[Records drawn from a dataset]
# # #
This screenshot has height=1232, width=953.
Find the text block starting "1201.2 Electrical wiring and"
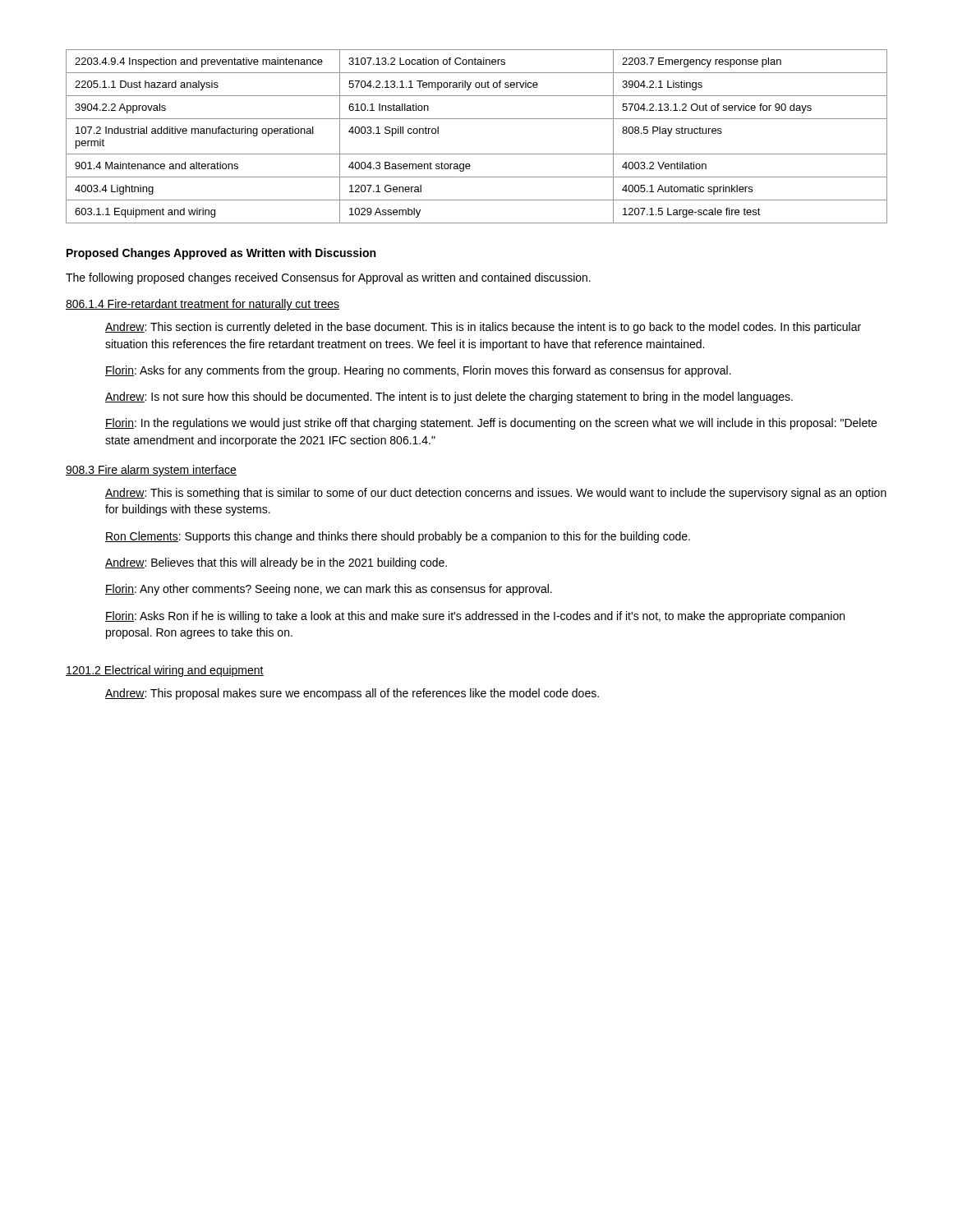click(x=165, y=670)
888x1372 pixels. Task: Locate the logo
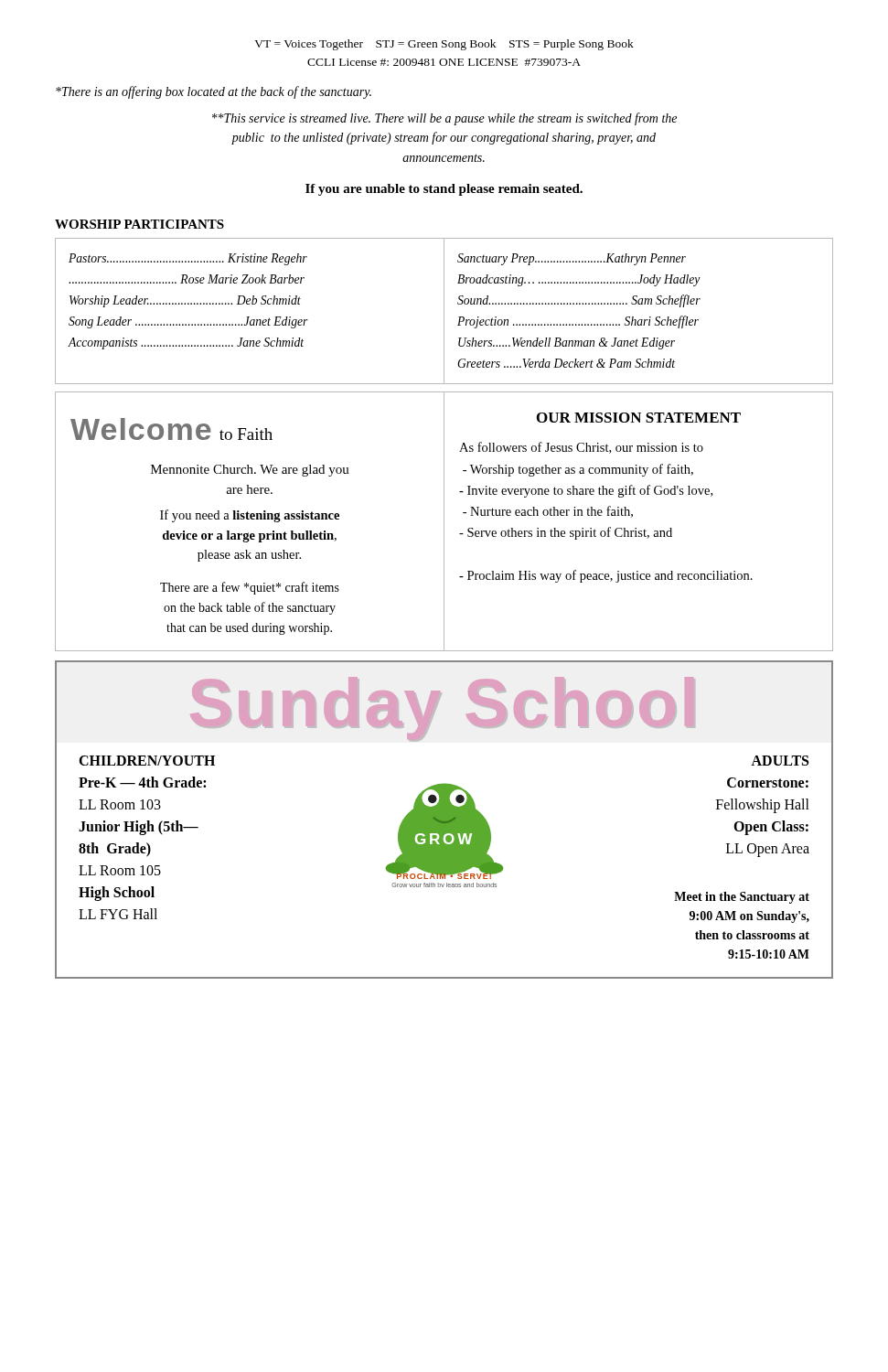(x=444, y=825)
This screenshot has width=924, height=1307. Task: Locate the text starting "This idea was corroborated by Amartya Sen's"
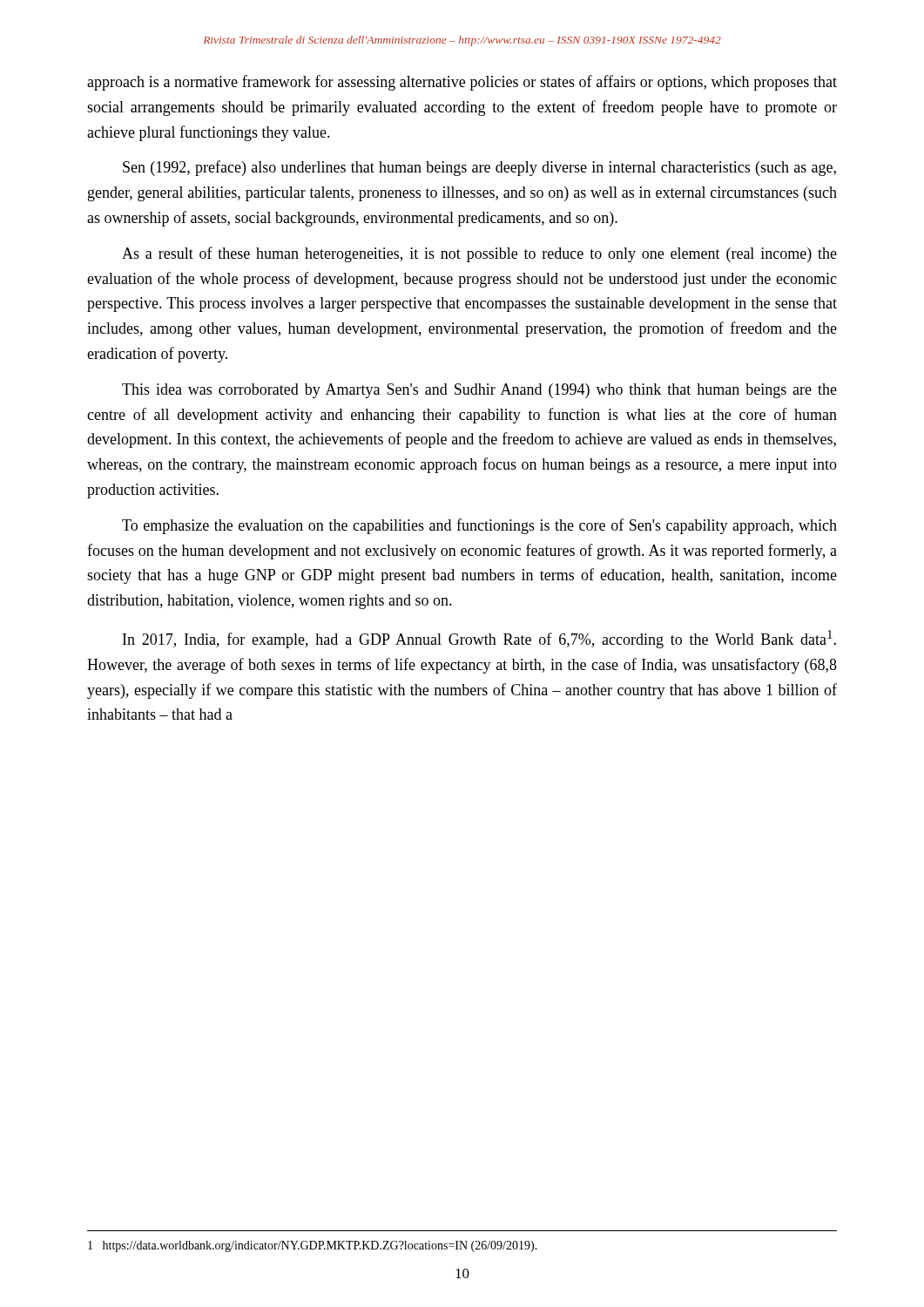click(462, 440)
# # #
## Instructions to follow
Beginning with the line that contains "Find the text", repeat every remaining line of the data exactly, the last line included, and omit pictures.

## The answer
Find the text block starting "1201.2 Electrical wiring and"
click(x=165, y=670)
888x1372 pixels. Task: Locate the logo
(x=444, y=825)
This screenshot has width=924, height=1307. Task: Locate the text starting "This idea was corroborated by Amartya Sen's"
click(462, 440)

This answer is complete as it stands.